## Work order
Copy verbatim the span of lines beginning at the line that contains "Give the scientific name of this moth." and ending with the final line of the data. Exclude pictures from the copy.

(Records contained in a dataset)
+ + + + + + +

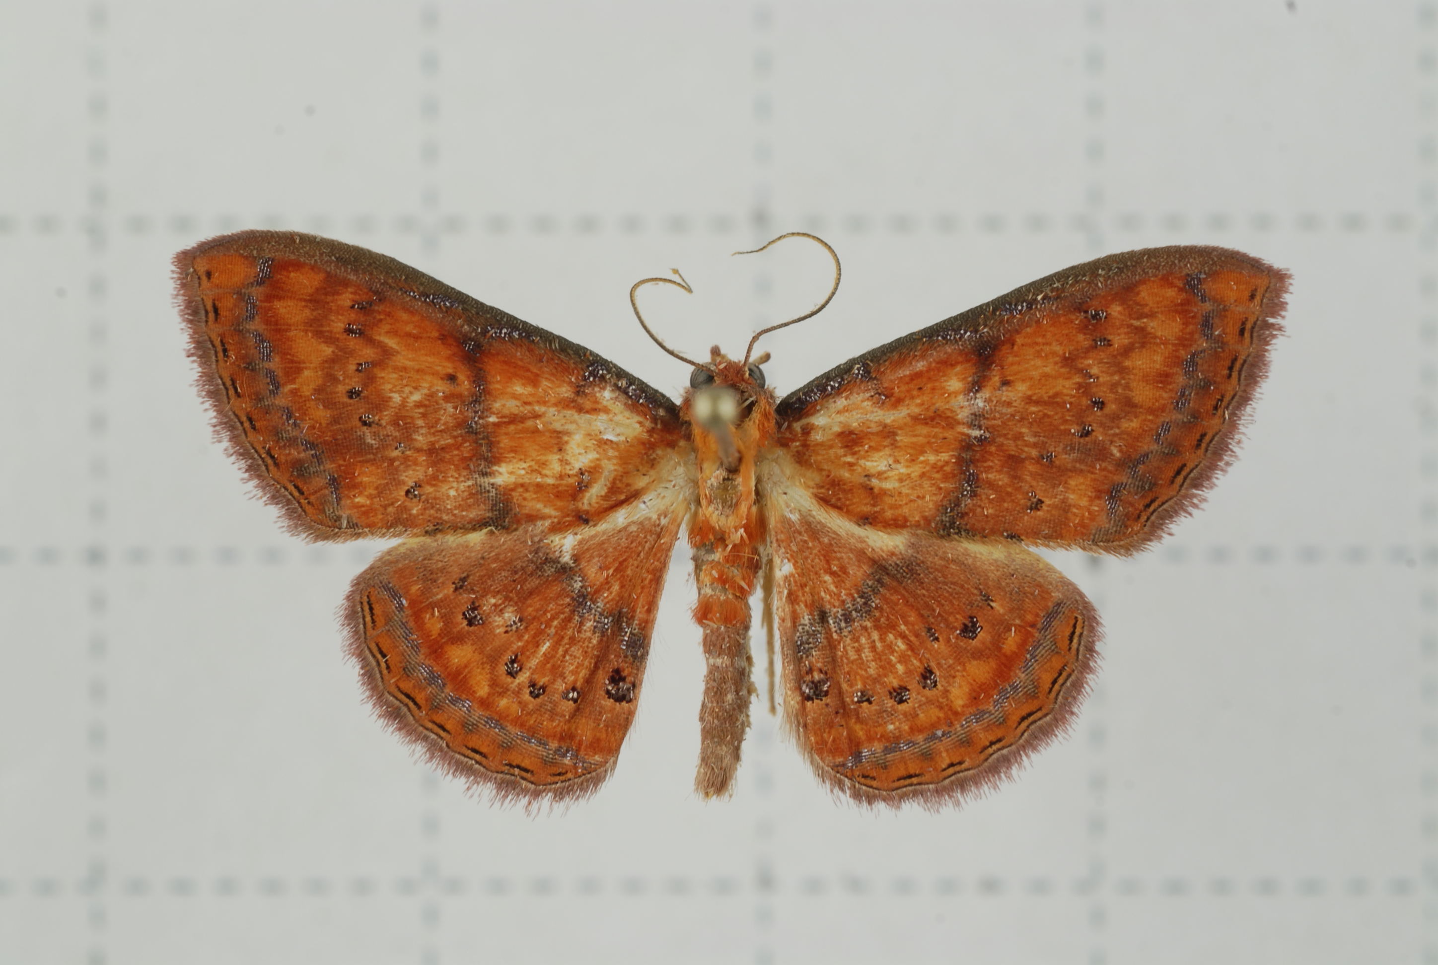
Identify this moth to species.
Homodes vivida
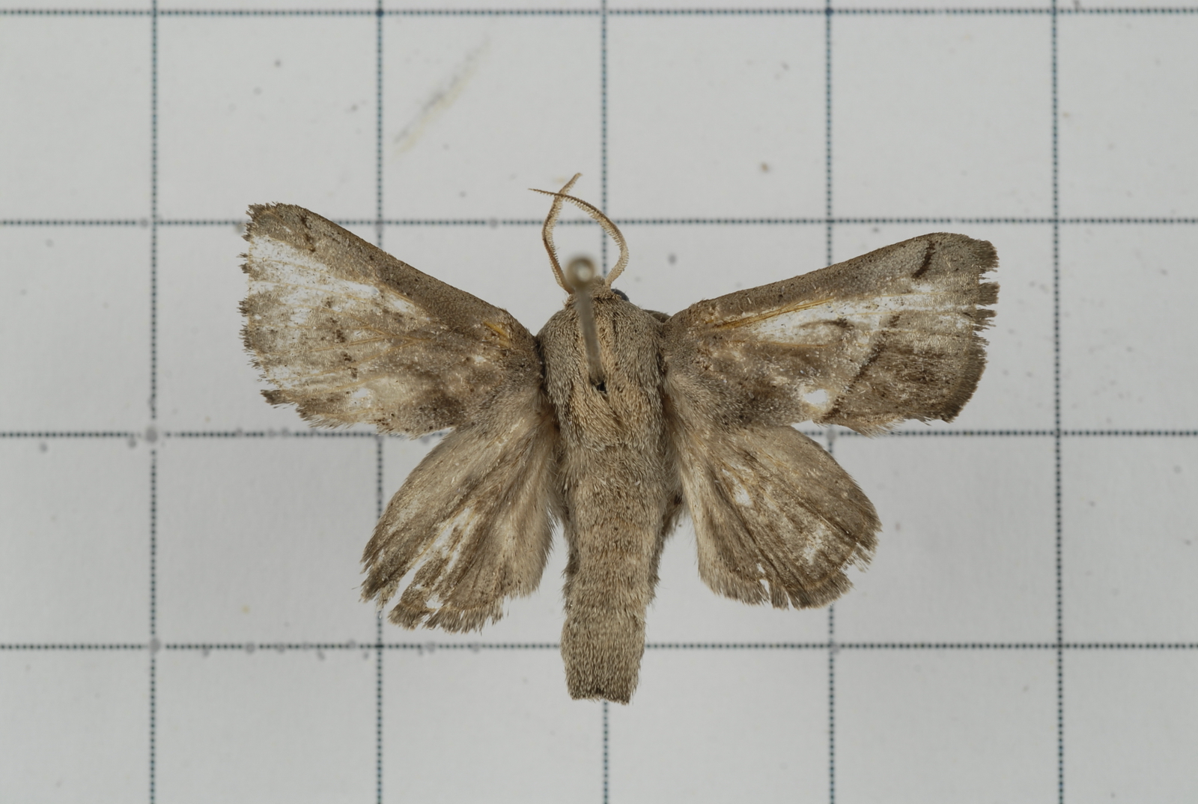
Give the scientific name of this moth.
Thosea sinensis
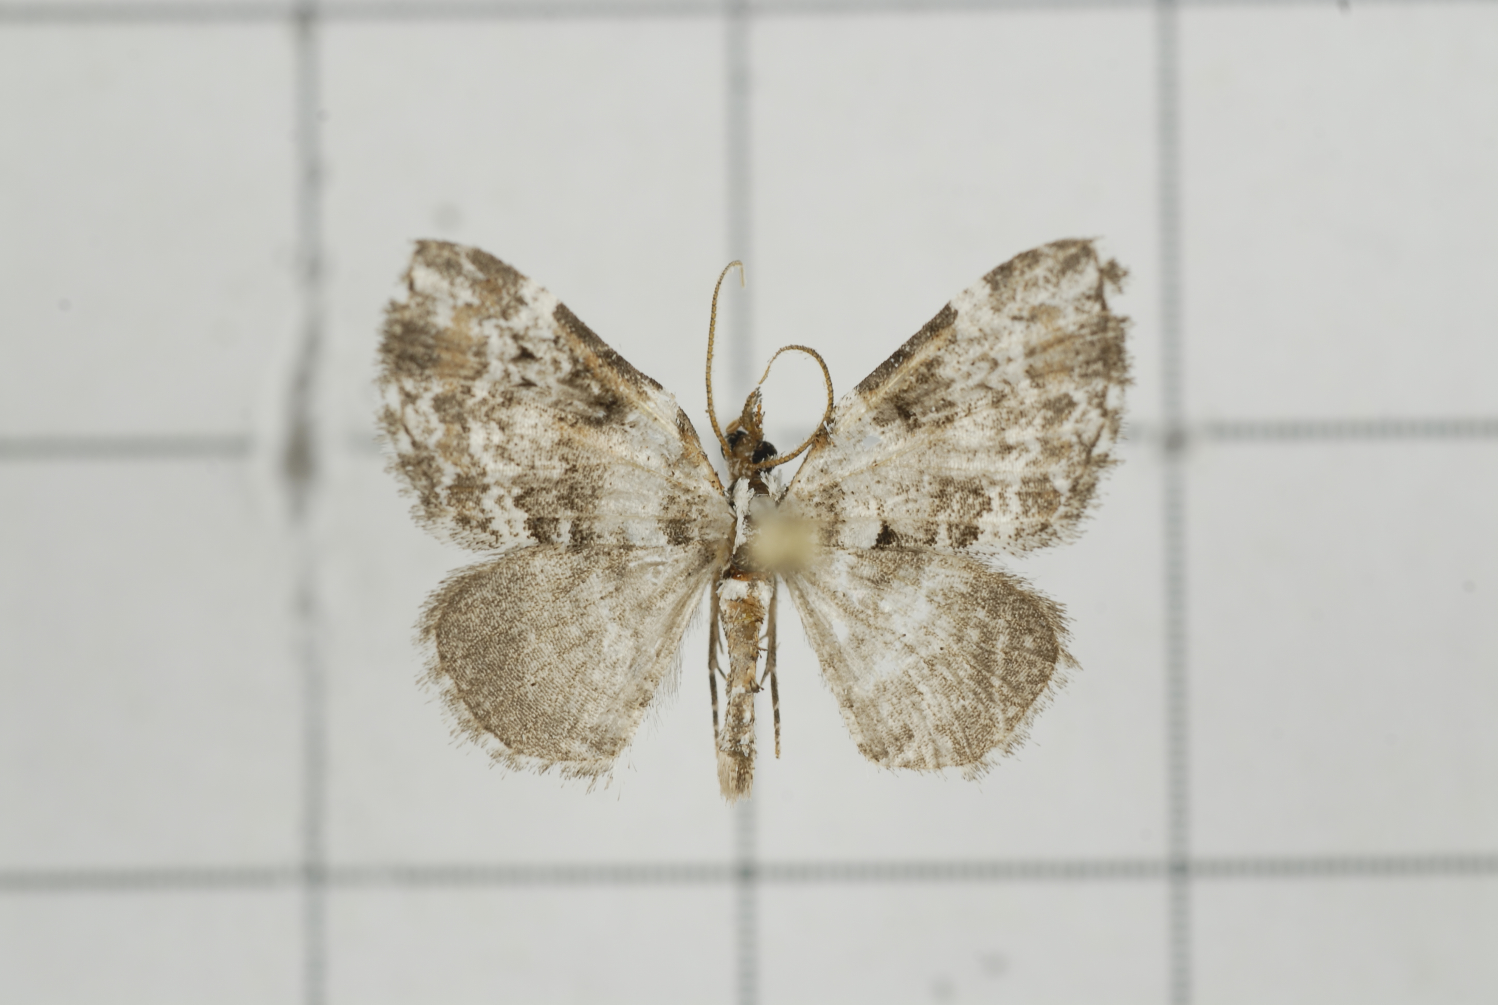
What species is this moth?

+ + + + + + +

## Result below
Give the scientific name of this moth.
Thosea sinensis
What species is this moth?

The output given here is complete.